▶ [Provided entries]
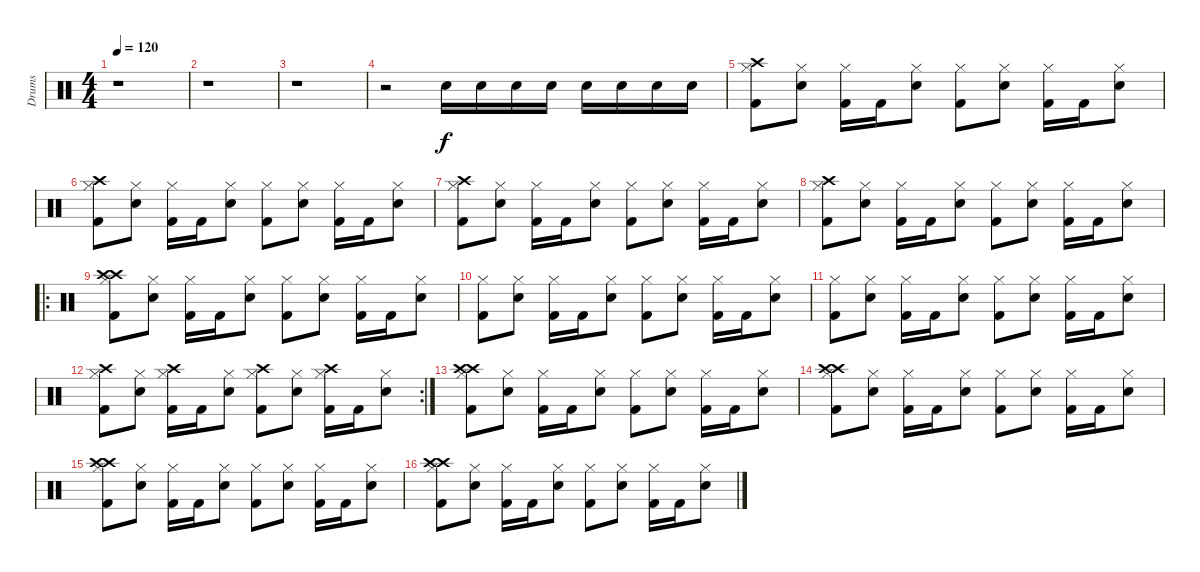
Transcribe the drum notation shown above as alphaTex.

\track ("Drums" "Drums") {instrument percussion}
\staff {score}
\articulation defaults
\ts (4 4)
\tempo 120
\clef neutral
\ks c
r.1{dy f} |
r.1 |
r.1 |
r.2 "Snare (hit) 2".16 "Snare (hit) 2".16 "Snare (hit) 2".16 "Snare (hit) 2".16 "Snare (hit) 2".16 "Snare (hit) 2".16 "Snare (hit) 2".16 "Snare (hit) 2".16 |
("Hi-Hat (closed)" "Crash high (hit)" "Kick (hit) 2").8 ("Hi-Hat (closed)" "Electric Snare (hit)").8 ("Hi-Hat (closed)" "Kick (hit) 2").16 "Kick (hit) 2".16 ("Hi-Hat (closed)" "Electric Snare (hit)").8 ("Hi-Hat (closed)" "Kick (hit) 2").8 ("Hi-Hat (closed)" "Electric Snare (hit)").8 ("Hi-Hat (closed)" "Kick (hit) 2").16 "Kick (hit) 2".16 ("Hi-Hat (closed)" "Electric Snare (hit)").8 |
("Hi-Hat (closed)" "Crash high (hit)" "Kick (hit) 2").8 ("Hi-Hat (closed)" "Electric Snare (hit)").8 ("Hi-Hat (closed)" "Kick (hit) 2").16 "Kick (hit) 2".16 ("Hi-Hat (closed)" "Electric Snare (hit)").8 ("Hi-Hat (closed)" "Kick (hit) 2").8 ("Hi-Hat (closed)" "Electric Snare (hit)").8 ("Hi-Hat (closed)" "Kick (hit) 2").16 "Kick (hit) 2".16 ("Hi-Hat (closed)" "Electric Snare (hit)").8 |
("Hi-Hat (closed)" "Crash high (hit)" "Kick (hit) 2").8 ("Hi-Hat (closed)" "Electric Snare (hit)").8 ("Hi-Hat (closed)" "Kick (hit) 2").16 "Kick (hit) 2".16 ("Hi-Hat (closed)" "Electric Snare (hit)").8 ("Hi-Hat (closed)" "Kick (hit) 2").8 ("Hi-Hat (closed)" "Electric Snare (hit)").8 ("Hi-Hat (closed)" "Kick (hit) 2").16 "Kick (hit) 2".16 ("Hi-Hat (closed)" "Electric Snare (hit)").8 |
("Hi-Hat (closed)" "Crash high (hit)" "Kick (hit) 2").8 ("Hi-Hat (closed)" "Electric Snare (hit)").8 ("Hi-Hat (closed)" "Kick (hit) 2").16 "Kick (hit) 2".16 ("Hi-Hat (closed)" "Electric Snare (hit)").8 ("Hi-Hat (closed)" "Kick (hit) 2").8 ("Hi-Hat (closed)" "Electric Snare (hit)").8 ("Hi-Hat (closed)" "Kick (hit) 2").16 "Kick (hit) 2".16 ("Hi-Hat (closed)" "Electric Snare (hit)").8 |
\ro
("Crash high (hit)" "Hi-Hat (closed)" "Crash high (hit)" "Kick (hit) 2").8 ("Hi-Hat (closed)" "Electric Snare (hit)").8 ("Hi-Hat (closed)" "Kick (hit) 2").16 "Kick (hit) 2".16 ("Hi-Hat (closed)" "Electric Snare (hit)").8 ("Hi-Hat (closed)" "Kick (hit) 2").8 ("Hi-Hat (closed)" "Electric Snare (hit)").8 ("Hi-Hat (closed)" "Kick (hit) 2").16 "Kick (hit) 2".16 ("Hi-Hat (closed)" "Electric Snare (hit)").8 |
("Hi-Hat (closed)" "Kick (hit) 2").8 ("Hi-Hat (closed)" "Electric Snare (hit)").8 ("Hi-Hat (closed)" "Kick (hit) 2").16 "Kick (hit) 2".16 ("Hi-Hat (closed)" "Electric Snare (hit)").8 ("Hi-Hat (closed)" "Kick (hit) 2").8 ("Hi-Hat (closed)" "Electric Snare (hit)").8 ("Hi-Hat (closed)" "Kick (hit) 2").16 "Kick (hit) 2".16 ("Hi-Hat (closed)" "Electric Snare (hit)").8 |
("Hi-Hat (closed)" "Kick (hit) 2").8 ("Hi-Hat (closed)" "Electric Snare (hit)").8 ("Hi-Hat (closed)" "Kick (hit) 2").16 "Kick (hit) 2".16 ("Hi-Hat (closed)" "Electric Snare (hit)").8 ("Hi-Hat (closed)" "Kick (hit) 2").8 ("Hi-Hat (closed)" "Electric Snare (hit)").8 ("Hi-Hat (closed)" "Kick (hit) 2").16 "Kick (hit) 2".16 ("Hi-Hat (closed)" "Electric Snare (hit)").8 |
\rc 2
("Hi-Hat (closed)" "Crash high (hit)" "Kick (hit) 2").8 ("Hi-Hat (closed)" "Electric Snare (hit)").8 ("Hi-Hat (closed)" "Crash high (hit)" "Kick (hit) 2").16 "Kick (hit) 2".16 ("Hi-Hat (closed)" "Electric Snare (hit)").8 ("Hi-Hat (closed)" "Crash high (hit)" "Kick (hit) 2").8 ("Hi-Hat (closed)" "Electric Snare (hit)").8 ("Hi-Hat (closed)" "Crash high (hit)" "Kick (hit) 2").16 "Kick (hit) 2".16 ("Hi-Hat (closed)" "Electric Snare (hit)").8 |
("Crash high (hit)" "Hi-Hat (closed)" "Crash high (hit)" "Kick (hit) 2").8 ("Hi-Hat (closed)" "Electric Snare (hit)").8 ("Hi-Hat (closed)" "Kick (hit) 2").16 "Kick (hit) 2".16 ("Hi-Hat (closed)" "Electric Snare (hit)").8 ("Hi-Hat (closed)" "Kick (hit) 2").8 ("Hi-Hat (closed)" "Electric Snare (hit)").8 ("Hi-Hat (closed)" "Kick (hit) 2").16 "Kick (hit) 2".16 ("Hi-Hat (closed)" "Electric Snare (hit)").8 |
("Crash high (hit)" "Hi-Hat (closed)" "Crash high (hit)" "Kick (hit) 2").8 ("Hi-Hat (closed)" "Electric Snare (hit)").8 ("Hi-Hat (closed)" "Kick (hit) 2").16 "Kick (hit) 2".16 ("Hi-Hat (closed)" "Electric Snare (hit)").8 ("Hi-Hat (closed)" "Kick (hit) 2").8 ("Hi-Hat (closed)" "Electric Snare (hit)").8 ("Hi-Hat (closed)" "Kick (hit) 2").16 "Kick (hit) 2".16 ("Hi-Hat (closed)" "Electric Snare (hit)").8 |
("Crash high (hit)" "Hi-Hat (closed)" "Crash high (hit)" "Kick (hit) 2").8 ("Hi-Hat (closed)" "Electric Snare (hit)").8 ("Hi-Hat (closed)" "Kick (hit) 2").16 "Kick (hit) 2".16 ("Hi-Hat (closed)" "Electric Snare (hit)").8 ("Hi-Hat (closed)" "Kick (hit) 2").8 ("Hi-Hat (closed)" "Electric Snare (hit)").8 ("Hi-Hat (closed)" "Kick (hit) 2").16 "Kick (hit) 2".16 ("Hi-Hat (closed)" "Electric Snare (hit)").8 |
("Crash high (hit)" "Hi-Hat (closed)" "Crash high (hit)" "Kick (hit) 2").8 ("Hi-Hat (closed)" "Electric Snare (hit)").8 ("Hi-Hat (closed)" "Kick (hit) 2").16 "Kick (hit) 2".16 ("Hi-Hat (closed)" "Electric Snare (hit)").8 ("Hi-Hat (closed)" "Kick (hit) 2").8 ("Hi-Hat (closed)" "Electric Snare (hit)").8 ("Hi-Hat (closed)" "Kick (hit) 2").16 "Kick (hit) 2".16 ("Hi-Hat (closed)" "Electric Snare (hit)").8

▶ [Instructions for the task] Skip the images and write out the rest of the listing exactly.

▶ [Task solution]
Transcribe the drum notation shown above as alphaTex.

\track ("Drums" "Drums") {instrument percussion}
\staff {score}
\articulation defaults
\ts (4 4)
\tempo 120
\clef neutral
\ks c
r.1{dy f} |
r.1 |
r.1 |
r.2 "Snare (hit) 2".16 "Snare (hit) 2".16 "Snare (hit) 2".16 "Snare (hit) 2".16 "Snare (hit) 2".16 "Snare (hit) 2".16 "Snare (hit) 2".16 "Snare (hit) 2".16 |
("Hi-Hat (closed)" "Crash high (hit)" "Kick (hit) 2").8 ("Hi-Hat (closed)" "Electric Snare (hit)").8 ("Hi-Hat (closed)" "Kick (hit) 2").16 "Kick (hit) 2".16 ("Hi-Hat (closed)" "Electric Snare (hit)").8 ("Hi-Hat (closed)" "Kick (hit) 2").8 ("Hi-Hat (closed)" "Electric Snare (hit)").8 ("Hi-Hat (closed)" "Kick (hit) 2").16 "Kick (hit) 2".16 ("Hi-Hat (closed)" "Electric Snare (hit)").8 |
("Hi-Hat (closed)" "Crash high (hit)" "Kick (hit) 2").8 ("Hi-Hat (closed)" "Electric Snare (hit)").8 ("Hi-Hat (closed)" "Kick (hit) 2").16 "Kick (hit) 2".16 ("Hi-Hat (closed)" "Electric Snare (hit)").8 ("Hi-Hat (closed)" "Kick (hit) 2").8 ("Hi-Hat (closed)" "Electric Snare (hit)").8 ("Hi-Hat (closed)" "Kick (hit) 2").16 "Kick (hit) 2".16 ("Hi-Hat (closed)" "Electric Snare (hit)").8 |
("Hi-Hat (closed)" "Crash high (hit)" "Kick (hit) 2").8 ("Hi-Hat (closed)" "Electric Snare (hit)").8 ("Hi-Hat (closed)" "Kick (hit) 2").16 "Kick (hit) 2".16 ("Hi-Hat (closed)" "Electric Snare (hit)").8 ("Hi-Hat (closed)" "Kick (hit) 2").8 ("Hi-Hat (closed)" "Electric Snare (hit)").8 ("Hi-Hat (closed)" "Kick (hit) 2").16 "Kick (hit) 2".16 ("Hi-Hat (closed)" "Electric Snare (hit)").8 |
("Hi-Hat (closed)" "Crash high (hit)" "Kick (hit) 2").8 ("Hi-Hat (closed)" "Electric Snare (hit)").8 ("Hi-Hat (closed)" "Kick (hit) 2").16 "Kick (hit) 2".16 ("Hi-Hat (closed)" "Electric Snare (hit)").8 ("Hi-Hat (closed)" "Kick (hit) 2").8 ("Hi-Hat (closed)" "Electric Snare (hit)").8 ("Hi-Hat (closed)" "Kick (hit) 2").16 "Kick (hit) 2".16 ("Hi-Hat (closed)" "Electric Snare (hit)").8 |
\ro
("Crash high (hit)" "Hi-Hat (closed)" "Crash high (hit)" "Kick (hit) 2").8 ("Hi-Hat (closed)" "Electric Snare (hit)").8 ("Hi-Hat (closed)" "Kick (hit) 2").16 "Kick (hit) 2".16 ("Hi-Hat (closed)" "Electric Snare (hit)").8 ("Hi-Hat (closed)" "Kick (hit) 2").8 ("Hi-Hat (closed)" "Electric Snare (hit)").8 ("Hi-Hat (closed)" "Kick (hit) 2").16 "Kick (hit) 2".16 ("Hi-Hat (closed)" "Electric Snare (hit)").8 |
("Hi-Hat (closed)" "Kick (hit) 2").8 ("Hi-Hat (closed)" "Electric Snare (hit)").8 ("Hi-Hat (closed)" "Kick (hit) 2").16 "Kick (hit) 2".16 ("Hi-Hat (closed)" "Electric Snare (hit)").8 ("Hi-Hat (closed)" "Kick (hit) 2").8 ("Hi-Hat (closed)" "Electric Snare (hit)").8 ("Hi-Hat (closed)" "Kick (hit) 2").16 "Kick (hit) 2".16 ("Hi-Hat (closed)" "Electric Snare (hit)").8 |
("Hi-Hat (closed)" "Kick (hit) 2").8 ("Hi-Hat (closed)" "Electric Snare (hit)").8 ("Hi-Hat (closed)" "Kick (hit) 2").16 "Kick (hit) 2".16 ("Hi-Hat (closed)" "Electric Snare (hit)").8 ("Hi-Hat (closed)" "Kick (hit) 2").8 ("Hi-Hat (closed)" "Electric Snare (hit)").8 ("Hi-Hat (closed)" "Kick (hit) 2").16 "Kick (hit) 2".16 ("Hi-Hat (closed)" "Electric Snare (hit)").8 |
\rc 2
("Hi-Hat (closed)" "Crash high (hit)" "Kick (hit) 2").8 ("Hi-Hat (closed)" "Electric Snare (hit)").8 ("Hi-Hat (closed)" "Crash high (hit)" "Kick (hit) 2").16 "Kick (hit) 2".16 ("Hi-Hat (closed)" "Electric Snare (hit)").8 ("Hi-Hat (closed)" "Crash high (hit)" "Kick (hit) 2").8 ("Hi-Hat (closed)" "Electric Snare (hit)").8 ("Hi-Hat (closed)" "Crash high (hit)" "Kick (hit) 2").16 "Kick (hit) 2".16 ("Hi-Hat (closed)" "Electric Snare (hit)").8 |
("Crash high (hit)" "Hi-Hat (closed)" "Crash high (hit)" "Kick (hit) 2").8 ("Hi-Hat (closed)" "Electric Snare (hit)").8 ("Hi-Hat (closed)" "Kick (hit) 2").16 "Kick (hit) 2".16 ("Hi-Hat (closed)" "Electric Snare (hit)").8 ("Hi-Hat (closed)" "Kick (hit) 2").8 ("Hi-Hat (closed)" "Electric Snare (hit)").8 ("Hi-Hat (closed)" "Kick (hit) 2").16 "Kick (hit) 2".16 ("Hi-Hat (closed)" "Electric Snare (hit)").8 |
("Crash high (hit)" "Hi-Hat (closed)" "Crash high (hit)" "Kick (hit) 2").8 ("Hi-Hat (closed)" "Electric Snare (hit)").8 ("Hi-Hat (closed)" "Kick (hit) 2").16 "Kick (hit) 2".16 ("Hi-Hat (closed)" "Electric Snare (hit)").8 ("Hi-Hat (closed)" "Kick (hit) 2").8 ("Hi-Hat (closed)" "Electric Snare (hit)").8 ("Hi-Hat (closed)" "Kick (hit) 2").16 "Kick (hit) 2".16 ("Hi-Hat (closed)" "Electric Snare (hit)").8 |
("Crash high (hit)" "Hi-Hat (closed)" "Crash high (hit)" "Kick (hit) 2").8 ("Hi-Hat (closed)" "Electric Snare (hit)").8 ("Hi-Hat (closed)" "Kick (hit) 2").16 "Kick (hit) 2".16 ("Hi-Hat (closed)" "Electric Snare (hit)").8 ("Hi-Hat (closed)" "Kick (hit) 2").8 ("Hi-Hat (closed)" "Electric Snare (hit)").8 ("Hi-Hat (closed)" "Kick (hit) 2").16 "Kick (hit) 2".16 ("Hi-Hat (closed)" "Electric Snare (hit)").8 |
("Crash high (hit)" "Hi-Hat (closed)" "Crash high (hit)" "Kick (hit) 2").8 ("Hi-Hat (closed)" "Electric Snare (hit)").8 ("Hi-Hat (closed)" "Kick (hit) 2").16 "Kick (hit) 2".16 ("Hi-Hat (closed)" "Electric Snare (hit)").8 ("Hi-Hat (closed)" "Kick (hit) 2").8 ("Hi-Hat (closed)" "Electric Snare (hit)").8 ("Hi-Hat (closed)" "Kick (hit) 2").16 "Kick (hit) 2".16 ("Hi-Hat (closed)" "Electric Snare (hit)").8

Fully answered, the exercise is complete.